__Work instruction__
A stretch of the entries below is to be set down exactly, running from the line with "text Het tarief" through the line with "text besluit: [248, 409, 1152, 435]", both included, and no other line.

__Input material__
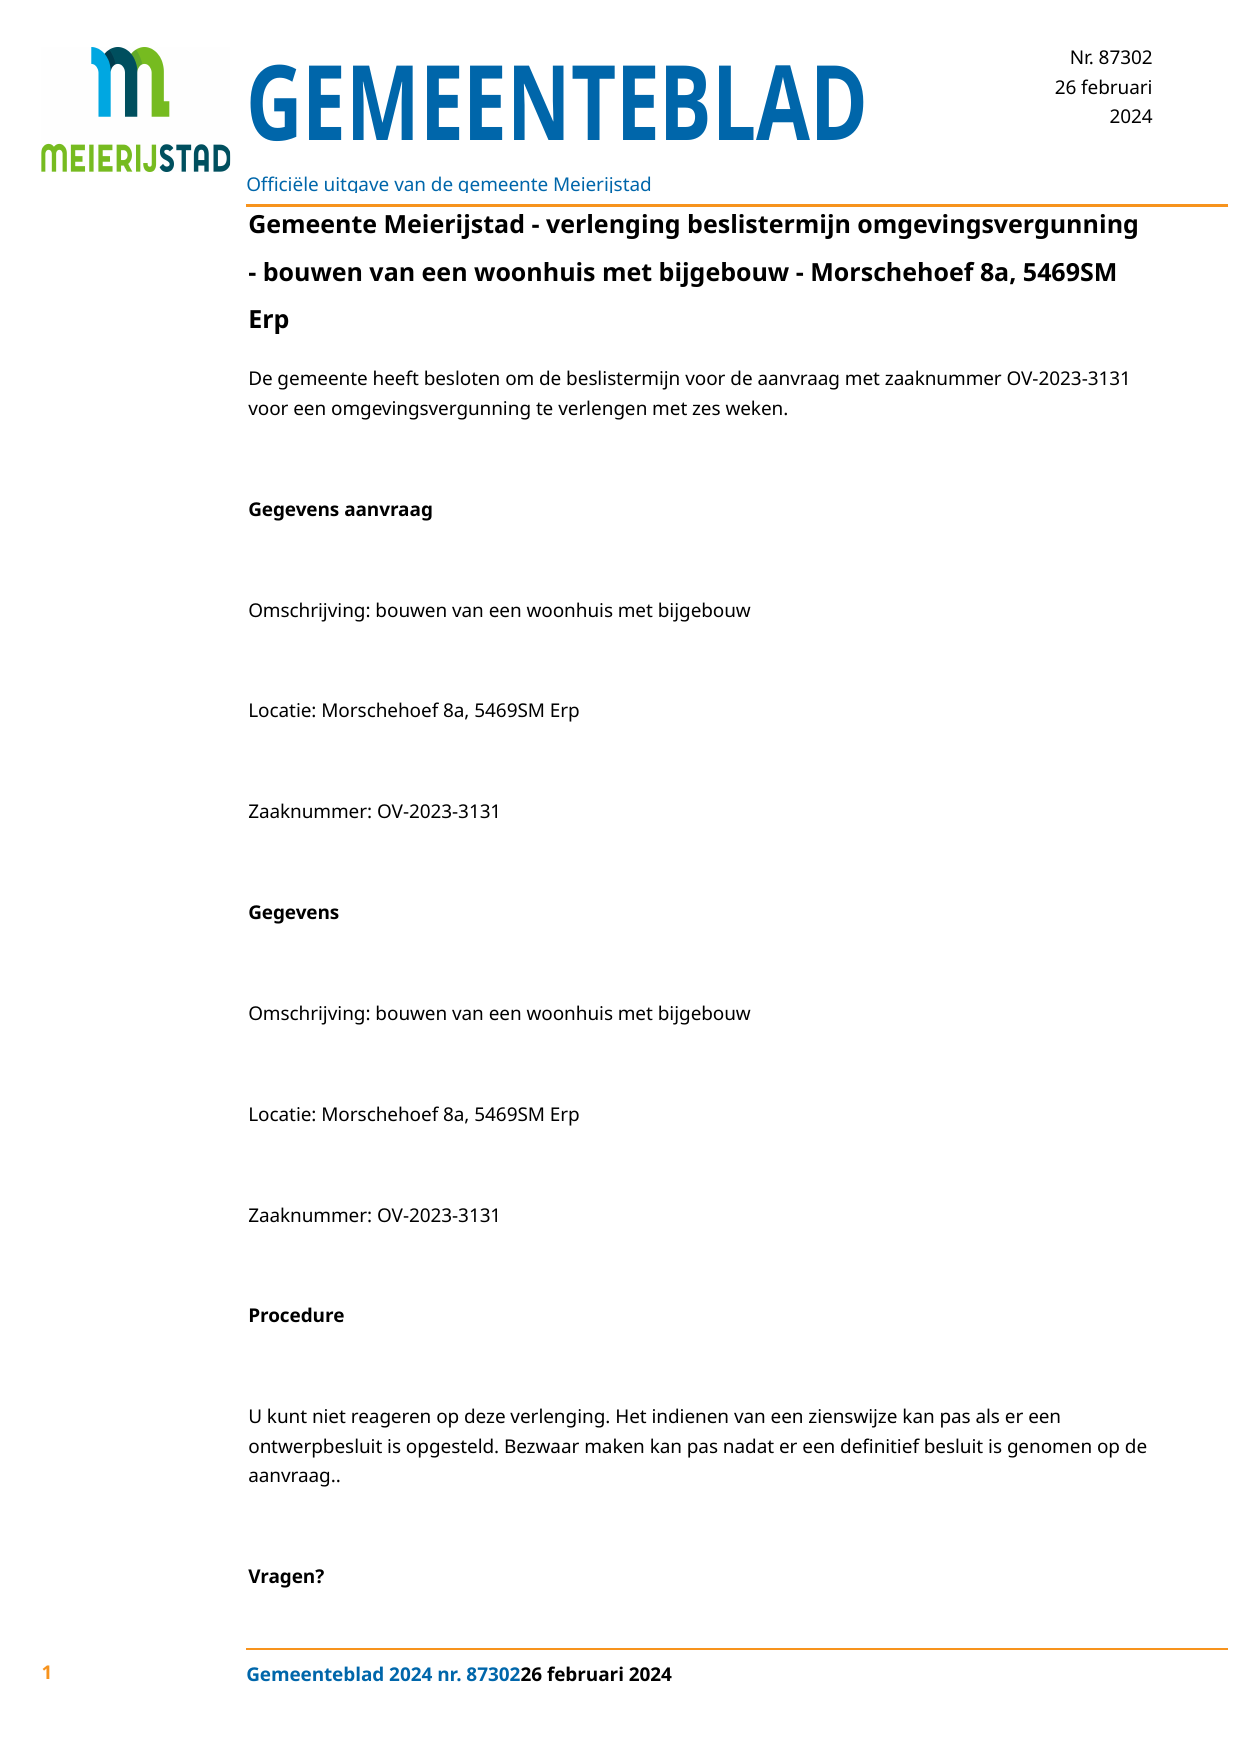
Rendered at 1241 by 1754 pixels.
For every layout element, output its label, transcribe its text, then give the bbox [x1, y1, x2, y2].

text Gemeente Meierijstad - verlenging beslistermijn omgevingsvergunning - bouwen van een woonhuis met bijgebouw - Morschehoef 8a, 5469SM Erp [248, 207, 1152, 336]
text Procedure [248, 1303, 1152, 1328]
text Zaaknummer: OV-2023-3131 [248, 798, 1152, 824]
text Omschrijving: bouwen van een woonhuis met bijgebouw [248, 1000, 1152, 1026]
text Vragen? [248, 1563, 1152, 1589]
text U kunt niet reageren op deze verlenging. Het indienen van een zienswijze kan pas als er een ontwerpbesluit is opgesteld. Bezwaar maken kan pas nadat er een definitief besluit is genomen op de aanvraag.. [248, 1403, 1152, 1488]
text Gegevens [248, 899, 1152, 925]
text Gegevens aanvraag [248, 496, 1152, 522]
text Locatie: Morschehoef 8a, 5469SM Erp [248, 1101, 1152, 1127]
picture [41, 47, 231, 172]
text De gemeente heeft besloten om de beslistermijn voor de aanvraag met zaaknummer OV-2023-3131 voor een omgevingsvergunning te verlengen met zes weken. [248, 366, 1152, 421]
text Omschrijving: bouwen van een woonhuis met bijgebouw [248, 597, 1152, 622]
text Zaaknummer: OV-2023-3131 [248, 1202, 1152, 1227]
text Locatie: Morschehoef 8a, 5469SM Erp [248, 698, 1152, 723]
==
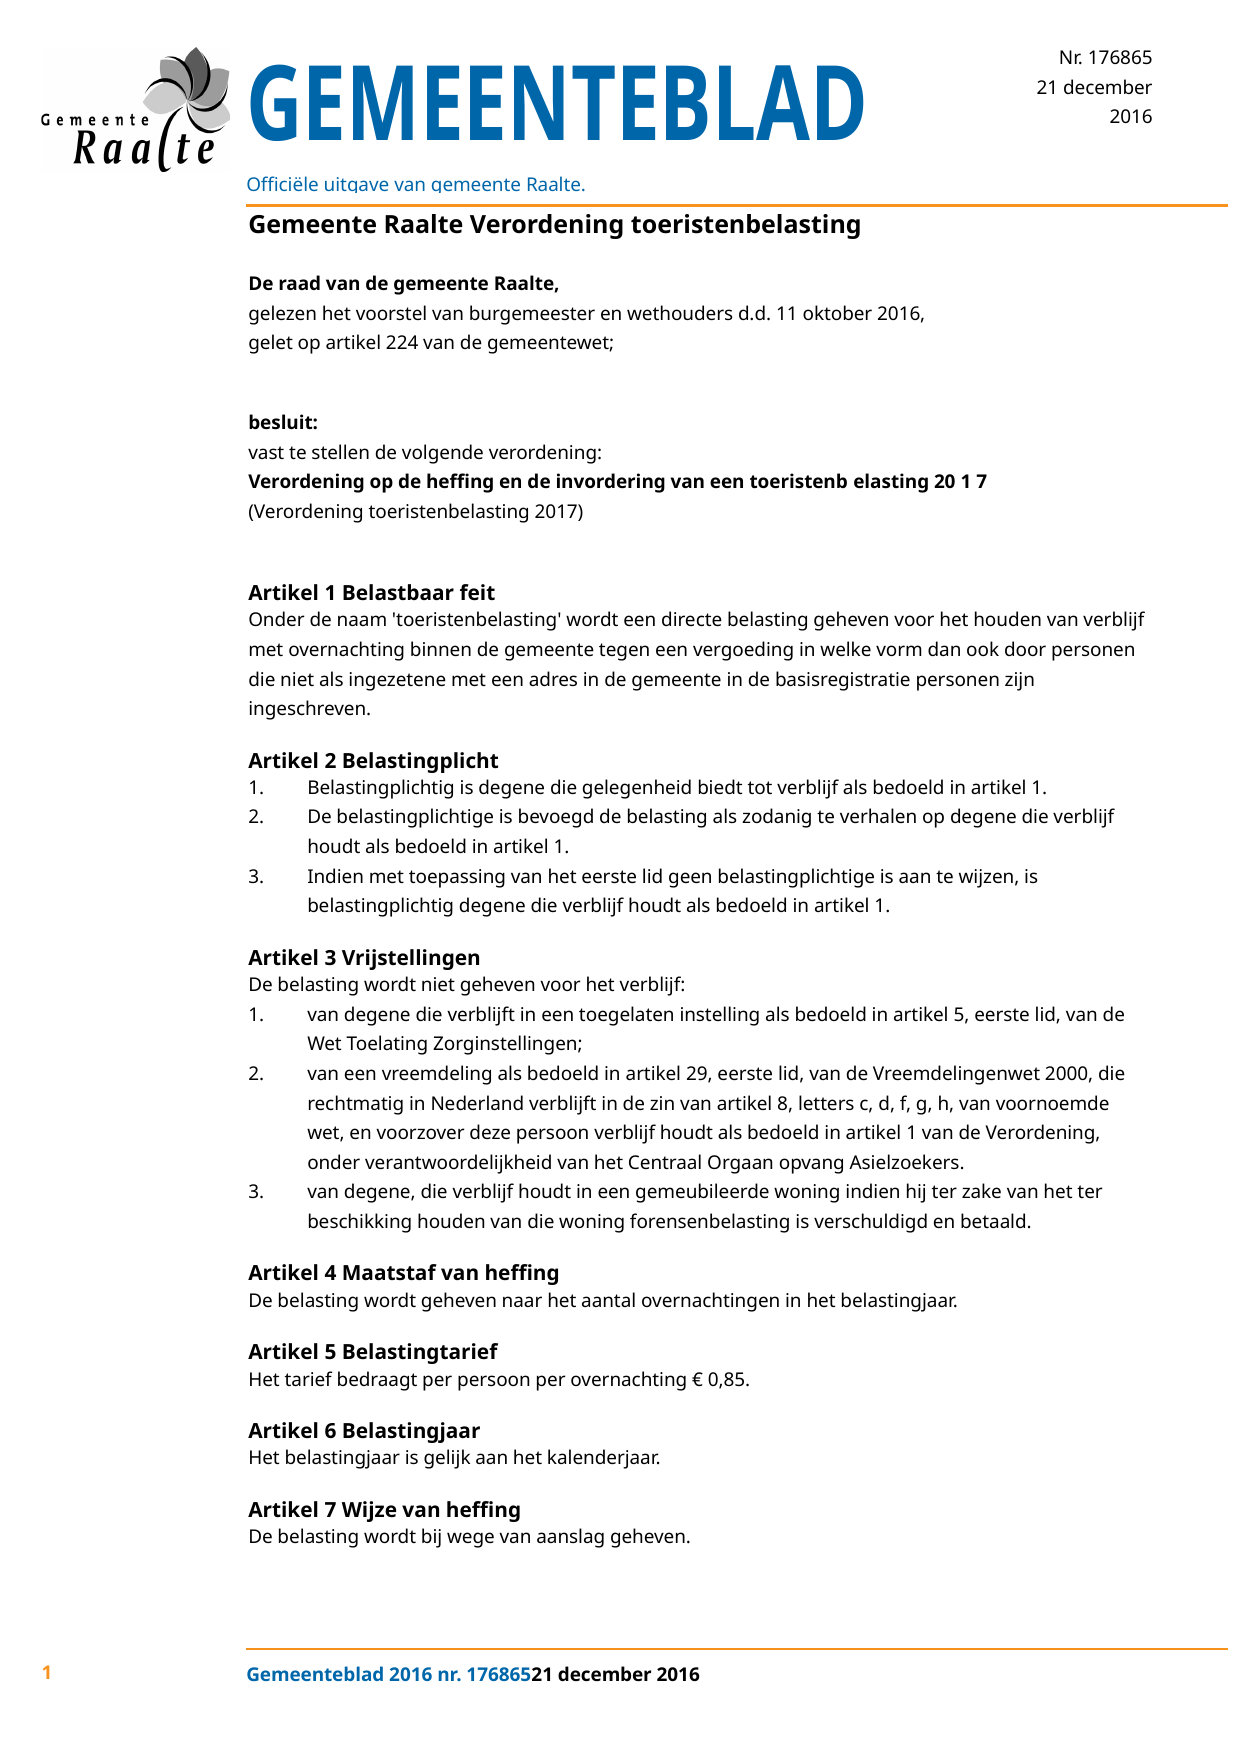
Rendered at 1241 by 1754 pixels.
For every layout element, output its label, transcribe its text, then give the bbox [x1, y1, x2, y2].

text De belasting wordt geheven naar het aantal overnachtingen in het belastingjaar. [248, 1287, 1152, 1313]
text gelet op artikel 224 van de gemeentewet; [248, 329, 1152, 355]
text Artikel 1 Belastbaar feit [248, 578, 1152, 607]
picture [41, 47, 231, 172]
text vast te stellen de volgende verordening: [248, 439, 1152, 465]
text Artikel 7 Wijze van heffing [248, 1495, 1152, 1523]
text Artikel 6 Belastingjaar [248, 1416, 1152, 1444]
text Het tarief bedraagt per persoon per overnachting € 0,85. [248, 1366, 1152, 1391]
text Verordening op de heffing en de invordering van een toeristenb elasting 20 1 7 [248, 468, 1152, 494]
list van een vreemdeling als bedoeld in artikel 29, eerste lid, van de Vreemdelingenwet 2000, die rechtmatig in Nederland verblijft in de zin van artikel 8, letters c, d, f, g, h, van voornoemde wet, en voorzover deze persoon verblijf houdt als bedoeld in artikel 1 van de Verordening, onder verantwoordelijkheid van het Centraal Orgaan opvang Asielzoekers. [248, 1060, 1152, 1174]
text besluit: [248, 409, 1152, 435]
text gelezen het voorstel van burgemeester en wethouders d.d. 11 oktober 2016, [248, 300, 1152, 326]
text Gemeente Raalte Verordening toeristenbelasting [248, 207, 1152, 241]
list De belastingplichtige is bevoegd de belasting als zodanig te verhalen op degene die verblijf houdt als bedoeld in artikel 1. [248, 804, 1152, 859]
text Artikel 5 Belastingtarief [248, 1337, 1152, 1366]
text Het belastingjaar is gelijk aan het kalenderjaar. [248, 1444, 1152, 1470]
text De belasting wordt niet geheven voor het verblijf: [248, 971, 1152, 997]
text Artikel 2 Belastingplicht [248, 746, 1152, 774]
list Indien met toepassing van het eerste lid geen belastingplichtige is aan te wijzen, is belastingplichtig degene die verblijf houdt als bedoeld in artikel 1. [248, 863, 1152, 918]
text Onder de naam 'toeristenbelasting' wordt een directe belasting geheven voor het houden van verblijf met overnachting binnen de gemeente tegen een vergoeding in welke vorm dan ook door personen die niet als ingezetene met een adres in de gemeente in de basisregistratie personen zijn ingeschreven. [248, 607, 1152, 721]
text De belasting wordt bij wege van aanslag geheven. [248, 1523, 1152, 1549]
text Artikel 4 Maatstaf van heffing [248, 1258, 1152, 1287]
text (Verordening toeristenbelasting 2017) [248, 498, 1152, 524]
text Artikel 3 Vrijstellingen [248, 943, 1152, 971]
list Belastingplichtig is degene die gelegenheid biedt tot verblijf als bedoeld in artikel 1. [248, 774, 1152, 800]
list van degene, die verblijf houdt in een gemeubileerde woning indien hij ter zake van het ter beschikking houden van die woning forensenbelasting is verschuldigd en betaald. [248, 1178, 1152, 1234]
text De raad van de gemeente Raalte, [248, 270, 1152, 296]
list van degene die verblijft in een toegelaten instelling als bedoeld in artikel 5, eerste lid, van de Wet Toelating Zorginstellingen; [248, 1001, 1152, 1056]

__Exercise response__
text Het tarief bedraagt per persoon per overnachting € 0,85. [248, 1366, 1152, 1391]
text Verordening op de heffing en de invordering van een toeristenb elasting 20 1 7 [248, 468, 1152, 494]
list van een vreemdeling als bedoeld in artikel 29, eerste lid, van de Vreemdelingenwet 2000, die rechtmatig in Nederland verblijft in de zin van artikel 8, letters c, d, f, g, h, van voornoemde wet, en voorzover deze persoon verblijf houdt als bedoeld in artikel 1 van de Verordening, onder verantwoordelijkheid van het Centraal Orgaan opvang Asielzoekers. [248, 1060, 1152, 1174]
text besluit: [248, 409, 1152, 435]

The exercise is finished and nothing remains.